OMEGA Core has had one API since Phase 3: the Evidence API. It queries Docker, PostgreSQL, Ollama and the host system, and returns live platform state over HTTP. Read-only. Stateless. An observer.
The obvious next step was to be able to send a prompt to one of the installed models and get a response back. One endpoint. The dependency on Ollama is already there. The implementation would be straightforward.
But the endpoint would have been wrong in the Evidence API.
What the Evidence API is for
The Evidence API has one job: tell you what is happening on the platform right now. Docker container states, service health, model inventory, system metrics. Every endpoint is a read. Nothing it does changes the state of anything else.
That constraint is deliberate. When you are building a security evaluation platform, having an authoritative read-only evidence layer is foundational. It is the thing you trust when you are debugging, auditing or evaluating the platform. Its value comes from what it does not do as much as what it does.
Adding a /query endpoint — something that sends a prompt to a language model and returns a response — would dissolve that constraint. The service would no longer be purely observing the platform. It would be actively using it. The conceptual boundary breaks, and with it the clarity about what the Evidence API is for.
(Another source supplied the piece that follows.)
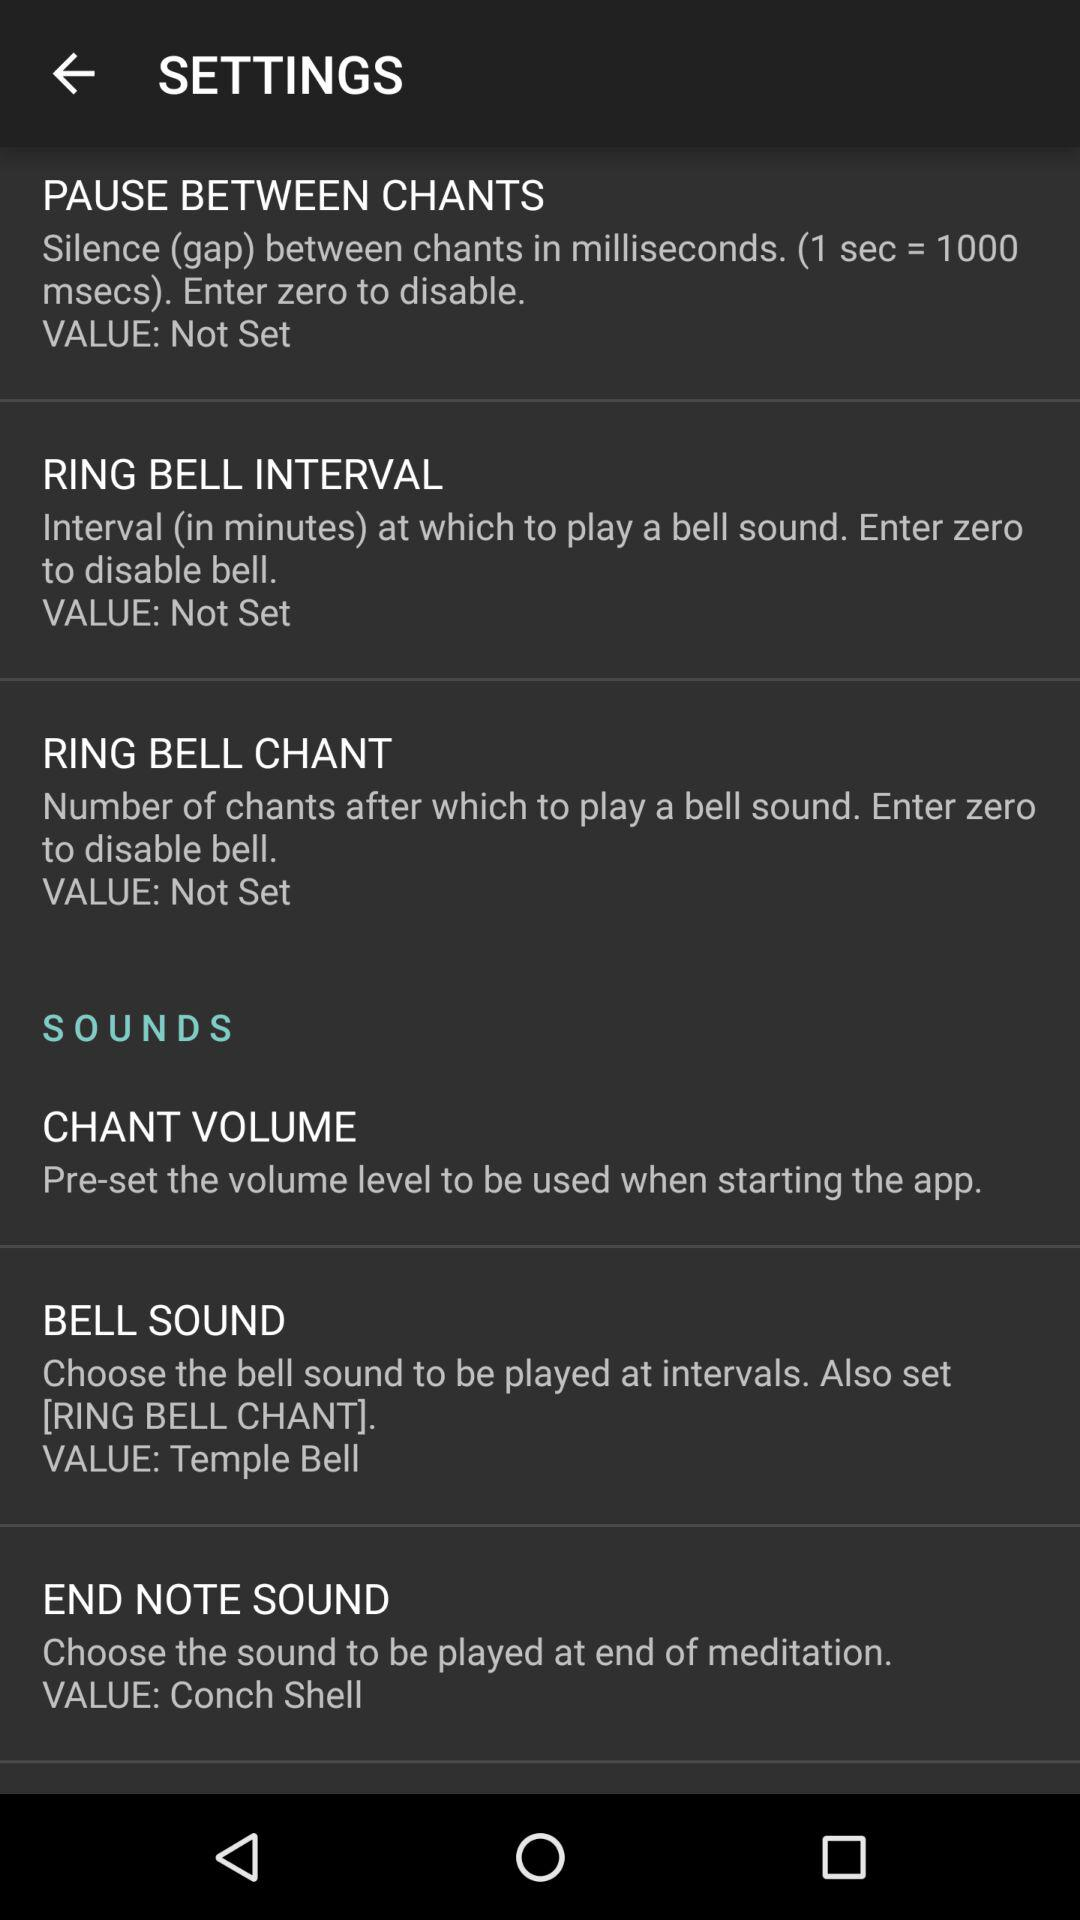Which value can be entered to disable the bell for "Ring Bell Chants"? You can enter zero to disable the bell for "Ring Bell Chants".

More concretely: inference has different characteristics to evidence collection. It is slow rather than fast. It is stateful within a session. It has security considerations — prompt injection, model abuse, rate limiting — that have no equivalent in read-only state queries. The security assessment of these two services looks completely different. Keeping them separate means you can assess them separately.
Naming the first thing properly
Before building the second service, there was a naming problem to fix.
The Evidence API was named omegacore-api. That name made sense with one API. With two, it is ambiguous. Which one is “the API”? Ambiguous names are maintenance debt — they become traps in documentation, scripts, monitoring rules, and the heads of everyone working on the platform.
So the rename happened first. Container name, Python package, compose stack, directory — everything changed from omegacore-api to omegacore-evidence. The directory structure was reorganised so both services live under api/ at the repository root: api/evidence/ and api/inference/.
The rename was one commit. Done early, the cost was low. Done after a year of accumulated tooling and documentation, it becomes a project.
The rule is simple: name things for what they do, not what they are. “API” is a type. “Evidence” is a purpose.
The Inference API
The Inference API is a FastAPI application at port 8001. It exposes four endpoints:
POST /query— accepts a model name and a prompt, returns the response and duration in millisecondsGET /models— lists available Ollama modelsGET /healthGET /version
It communicates with omegacore-ollama via omega_internal using container name resolution. Bound to 10.10.1.94:8001 on the LAN.
Model selection is explicit. Every query names the model it wants. You cannot send a prompt without specifying a model. This is a deliberate design decision: on a platform with multiple specialist role models, choosing the right model for the task is not a preference — it is a consequential choice that should be visible and intentional.
The omega-query.sh script wraps the API for use from the command line:
./scripts/omega-query.sh ask omega-threat-analyst 'What is prompt injection?'
./scripts/omega-query.sh ask 'What is the capital of France?'
./scripts/omega-query.sh models
The second form uses llama3.2:1b as the default. The first form names the model explicitly.
What this changes
The platform now has two distinct API surfaces:
| Service | Port | Purpose |
|---|---|---|
omegacore-evidence | 8000 | Read-only platform observation |
omegacore-inference | 8001 | Governed AI query layer |
The Evidence API tells you what is running. The Inference API lets you use it.
That separation also means Claude Code — the AI assistant used to build and maintain OMEGA Core — can query the platform’s own models directly as part of engineering work. Model inventory visible via /models. Prompts sendable to any installed model via /query. This is directly useful for the GAIPS lab work beginning 2026-07-01: probing models for hallucination, comparing responses across models for the same adversarial prompt, and collecting the output as documented evidence rather than manual notes.
The compose structure
Each service has its own compose stack under compose/:
compose/
evidence/
docker-compose.yml
inference/
docker-compose.yml
Independent lifecycle. Independent deployment. The inference stack can be stopped, rebuilt or replaced without touching the evidence stack. Both connect to omega_internal for cross-stack communication with Ollama and the data layer.
This is the same pattern used throughout OMEGA Core: one concern per stack, shared networking for what needs to communicate, nothing coupled that does not have to be.